Distinctive cognitive impairments and a specific neurobehavioral syndrome are reported in 11 of 13 children who had failed to thrive on chloride-deficient formula during infancy. They were examined four to nine years later at the Division of Pediatric Neurology, UCLA School of Medicine, Los Angeles, CA and the Department of Neurology, Boston University School of Medicine, Boston, MA. All patients during infancy had developed symptoms of hypokalemic, hypochloremic metabolic alkalosis and/or growth deceleration, concurrently with their exposure to chloride-deficient Neo-Mull-Soy formula. Head circumference at follow-up was within normal limits, three children had hypotonia, two diffuse hyperreflexia, one had choreiform movements and one bilateral intention tremor. The EEG was abnormal in six, with paroxysmal discharges seen in five children. CT and MRI studies were normal. Intelligence was within the average range for 11 of the 13 children tested. All had a neurobehavioral syndrome consisting of a language disorder primarily involving articulation, word finding and naming; visual-motor and fine motor difficulties; and attention deficit disorder often featuring repetitive behaviors, withdrawal and “over-focus”. [1]

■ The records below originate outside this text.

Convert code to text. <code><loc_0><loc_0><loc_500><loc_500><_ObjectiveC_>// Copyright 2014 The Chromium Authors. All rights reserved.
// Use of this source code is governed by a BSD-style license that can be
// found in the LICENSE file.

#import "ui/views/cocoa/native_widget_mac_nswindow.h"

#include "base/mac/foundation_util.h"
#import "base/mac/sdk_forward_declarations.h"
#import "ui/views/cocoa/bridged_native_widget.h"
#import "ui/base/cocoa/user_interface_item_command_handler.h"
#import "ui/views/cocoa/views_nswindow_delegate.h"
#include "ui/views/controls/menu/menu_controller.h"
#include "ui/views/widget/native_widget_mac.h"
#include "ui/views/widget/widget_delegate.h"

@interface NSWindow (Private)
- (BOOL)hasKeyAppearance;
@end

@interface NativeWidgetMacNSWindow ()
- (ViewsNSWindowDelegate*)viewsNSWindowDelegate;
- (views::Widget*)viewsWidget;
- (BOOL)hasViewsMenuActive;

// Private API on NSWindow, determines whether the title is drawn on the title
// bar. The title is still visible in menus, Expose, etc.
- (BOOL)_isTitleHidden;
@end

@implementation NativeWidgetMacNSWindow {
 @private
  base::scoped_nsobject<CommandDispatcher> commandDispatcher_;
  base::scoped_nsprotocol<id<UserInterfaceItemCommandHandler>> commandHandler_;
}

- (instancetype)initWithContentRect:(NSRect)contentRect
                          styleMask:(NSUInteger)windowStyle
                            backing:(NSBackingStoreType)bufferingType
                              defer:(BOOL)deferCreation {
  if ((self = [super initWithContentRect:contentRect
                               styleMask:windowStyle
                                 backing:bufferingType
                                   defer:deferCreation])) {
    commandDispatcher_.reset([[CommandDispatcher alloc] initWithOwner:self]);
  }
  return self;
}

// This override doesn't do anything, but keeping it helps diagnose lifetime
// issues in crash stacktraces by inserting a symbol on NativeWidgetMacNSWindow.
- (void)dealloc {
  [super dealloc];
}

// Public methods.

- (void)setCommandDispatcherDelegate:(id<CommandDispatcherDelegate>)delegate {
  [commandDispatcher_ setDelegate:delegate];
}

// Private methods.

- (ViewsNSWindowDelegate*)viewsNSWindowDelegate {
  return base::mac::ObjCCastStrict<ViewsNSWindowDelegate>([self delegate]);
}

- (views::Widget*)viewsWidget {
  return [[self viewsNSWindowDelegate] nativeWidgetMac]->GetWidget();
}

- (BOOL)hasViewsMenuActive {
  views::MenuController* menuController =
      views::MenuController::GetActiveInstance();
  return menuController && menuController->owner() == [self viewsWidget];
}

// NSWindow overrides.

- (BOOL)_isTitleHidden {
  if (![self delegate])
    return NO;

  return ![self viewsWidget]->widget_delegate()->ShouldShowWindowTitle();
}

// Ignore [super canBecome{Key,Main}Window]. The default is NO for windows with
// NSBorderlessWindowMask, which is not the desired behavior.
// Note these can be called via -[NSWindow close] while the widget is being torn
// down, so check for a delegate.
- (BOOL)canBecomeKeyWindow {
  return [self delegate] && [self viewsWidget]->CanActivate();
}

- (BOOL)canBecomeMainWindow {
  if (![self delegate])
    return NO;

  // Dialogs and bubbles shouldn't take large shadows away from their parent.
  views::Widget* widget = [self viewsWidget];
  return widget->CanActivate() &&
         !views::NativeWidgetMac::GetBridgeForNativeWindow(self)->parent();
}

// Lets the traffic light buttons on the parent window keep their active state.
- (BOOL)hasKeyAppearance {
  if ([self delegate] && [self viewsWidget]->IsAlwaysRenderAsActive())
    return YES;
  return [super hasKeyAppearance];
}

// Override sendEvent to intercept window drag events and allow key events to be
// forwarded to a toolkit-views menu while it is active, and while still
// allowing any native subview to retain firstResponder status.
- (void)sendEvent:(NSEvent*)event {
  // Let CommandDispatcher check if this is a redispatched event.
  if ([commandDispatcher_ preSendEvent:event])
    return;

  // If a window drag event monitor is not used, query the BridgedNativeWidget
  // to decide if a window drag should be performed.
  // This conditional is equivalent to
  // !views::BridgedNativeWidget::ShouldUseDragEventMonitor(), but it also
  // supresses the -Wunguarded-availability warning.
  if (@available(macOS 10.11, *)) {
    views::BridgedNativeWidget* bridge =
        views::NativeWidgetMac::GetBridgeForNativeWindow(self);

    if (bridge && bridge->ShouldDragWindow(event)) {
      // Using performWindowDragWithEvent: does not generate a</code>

COMMENT. A syndrome characterized by loss of appetite, failure to gain weight, muscular weakness, lethargy, vomiting and severe hypochloremic, hypokalemic, metabolic alkalosis has been described in infants fed chloride-deficient soy-based infant formulas. Clinical features resemble Bartter Syndrome, but the renal biopsy is normal and infants recover when dietary chloride supplements are provided. Previous follow-up reports have drawn attention to developmental delay [2] and the present study demonstrates specific cognitive, language and attentional deficits in later childhood.